Task objective :: The output should be the line containing "For every layout" and every later line of the records, exactly as written, and nothing else.

** Opening Task inputs block **

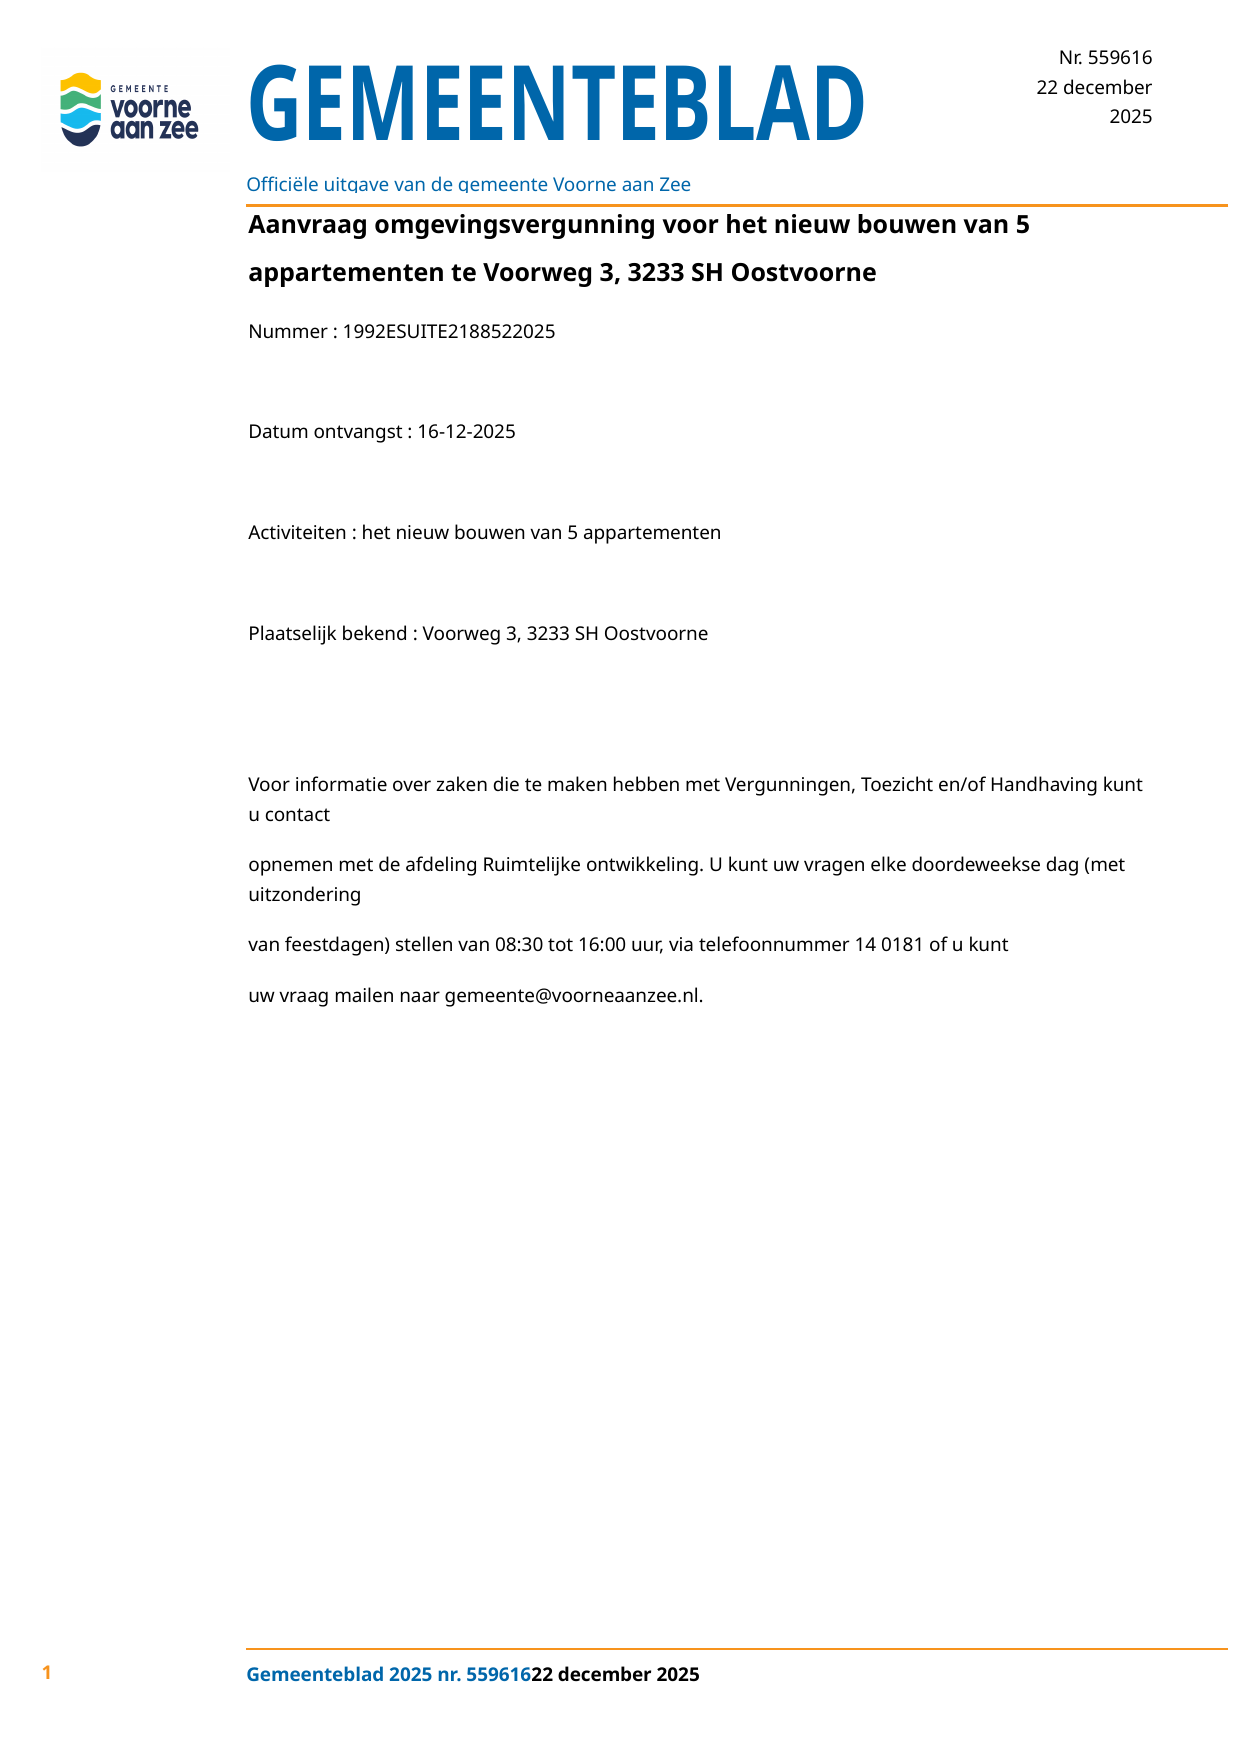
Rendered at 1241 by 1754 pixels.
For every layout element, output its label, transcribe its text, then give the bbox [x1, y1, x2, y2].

picture [41, 47, 231, 172]
text Nummer : 1992ESUITE2188522025 [248, 318, 1152, 344]
text Voor informatie over zaken die te maken hebben met Vergunningen, Toezicht en/of Handhaving kunt u contact [248, 772, 1152, 827]
text van feestdagen) stellen van 08:30 tot 16:00 uur, via telefoonnummer 14 0181 of u kunt [248, 932, 1152, 957]
text Activiteiten : het nieuw bouwen van 5 appartementen [248, 519, 1152, 545]
text Datum ontvangst : 16-12-2025 [248, 419, 1152, 444]
text opnemen met de afdeling Ruimtelijke ontwikkeling. U kunt uw vragen elke doordeweekse dag (met uitzondering [248, 852, 1152, 907]
text Aanvraag omgevingsvergunning voor het nieuw bouwen van 5 appartementen te Voorweg 3, 3233 SH Oostvoorne [248, 207, 1152, 288]
text Plaatselijk bekend : Voorweg 3, 3233 SH Oostvoorne [248, 620, 1152, 646]
text uw vraag mailen naar gemeente@voorneaanzee.nl. [248, 982, 1152, 1008]

** Closing Task inputs block **

Result of the exercise ::
For every layout element, output its label, transcribe its text, then give the bbox [x1, y1, x2, y2].

picture [41, 47, 231, 172]
text Nummer : 1992ESUITE2188522025 [248, 318, 1152, 344]
text Voor informatie over zaken die te maken hebben met Vergunningen, Toezicht en/of Handhaving kunt u contact [248, 772, 1152, 827]
text van feestdagen) stellen van 08:30 tot 16:00 uur, via telefoonnummer 14 0181 of u kunt [248, 932, 1152, 957]
text Activiteiten : het nieuw bouwen van 5 appartementen [248, 519, 1152, 545]
text Datum ontvangst : 16-12-2025 [248, 419, 1152, 444]
text opnemen met de afdeling Ruimtelijke ontwikkeling. U kunt uw vragen elke doordeweekse dag (met uitzondering [248, 852, 1152, 907]
text Aanvraag omgevingsvergunning voor het nieuw bouwen van 5 appartementen te Voorweg 3, 3233 SH Oostvoorne [248, 207, 1152, 288]
text Plaatselijk bekend : Voorweg 3, 3233 SH Oostvoorne [248, 620, 1152, 646]
text uw vraag mailen naar gemeente@voorneaanzee.nl. [248, 982, 1152, 1008]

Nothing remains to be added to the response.